[GIVEN INFORMATION — start]

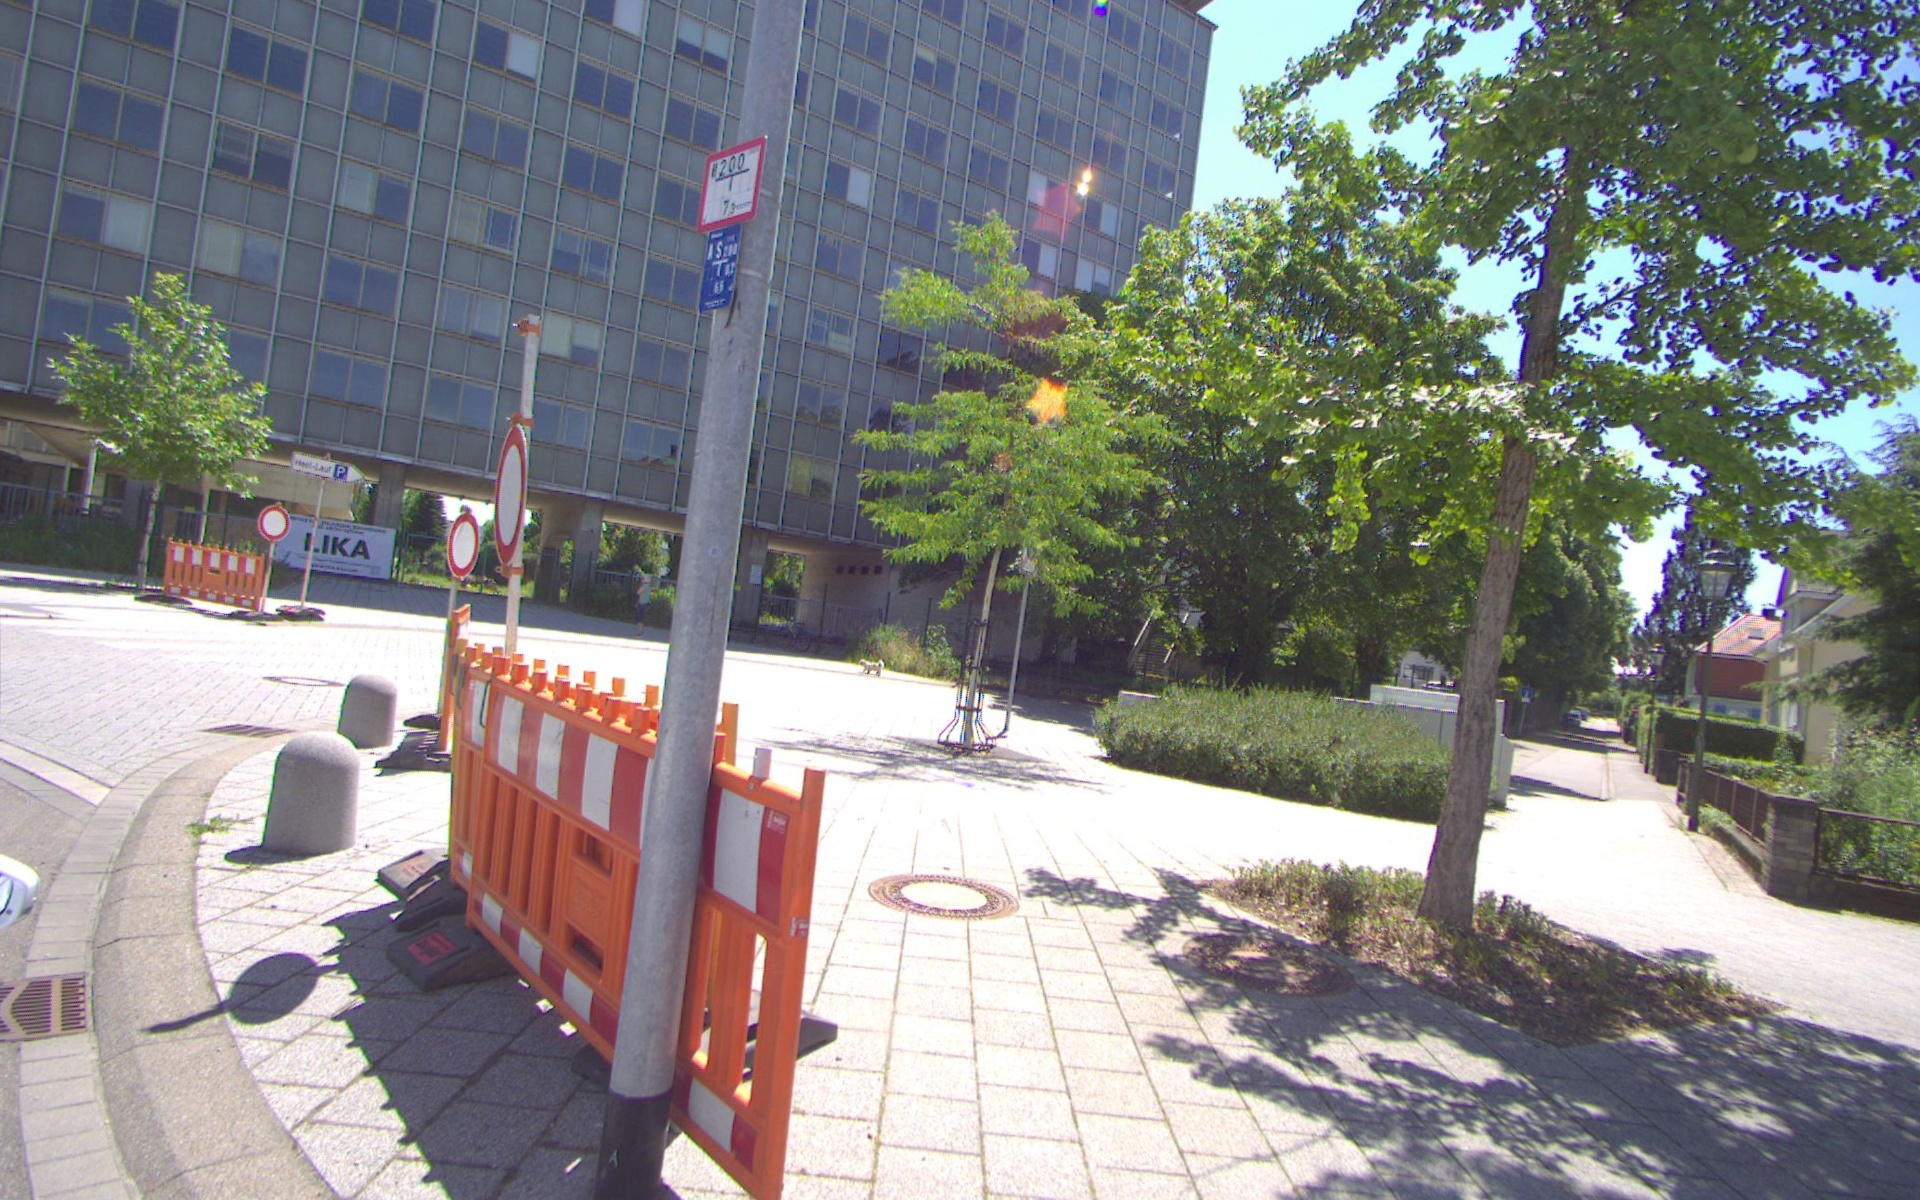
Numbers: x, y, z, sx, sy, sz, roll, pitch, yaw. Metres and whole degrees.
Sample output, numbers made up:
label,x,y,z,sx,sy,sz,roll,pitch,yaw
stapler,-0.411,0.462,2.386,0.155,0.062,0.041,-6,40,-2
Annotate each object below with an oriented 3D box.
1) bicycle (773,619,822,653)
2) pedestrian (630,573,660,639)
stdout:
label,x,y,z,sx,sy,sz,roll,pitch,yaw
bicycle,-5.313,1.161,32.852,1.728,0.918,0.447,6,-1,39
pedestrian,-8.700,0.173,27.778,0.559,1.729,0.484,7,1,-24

[GIVEN INFORMATION — finish]
[GIVEN INFORMATION — start]

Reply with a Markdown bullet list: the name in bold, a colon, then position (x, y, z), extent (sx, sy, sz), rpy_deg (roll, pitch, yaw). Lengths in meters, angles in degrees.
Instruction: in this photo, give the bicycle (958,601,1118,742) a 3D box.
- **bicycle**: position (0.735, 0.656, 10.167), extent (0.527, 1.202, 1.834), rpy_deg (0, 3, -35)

[GIVEN INFORMATION — finish]

● EXERCISE
Take the stretch of lines above from the one containing "stapler,-0.411,0.462,2.386,0.155,0.062,0.041,-6,40,-2" through the one containing "2) pedestrian (630,573,660,639)" and repeat it exactly, adding no other line.

● SOLVED EXERCISE
stapler,-0.411,0.462,2.386,0.155,0.062,0.041,-6,40,-2
Annotate each object below with an oriented 3D box.
1) bicycle (773,619,822,653)
2) pedestrian (630,573,660,639)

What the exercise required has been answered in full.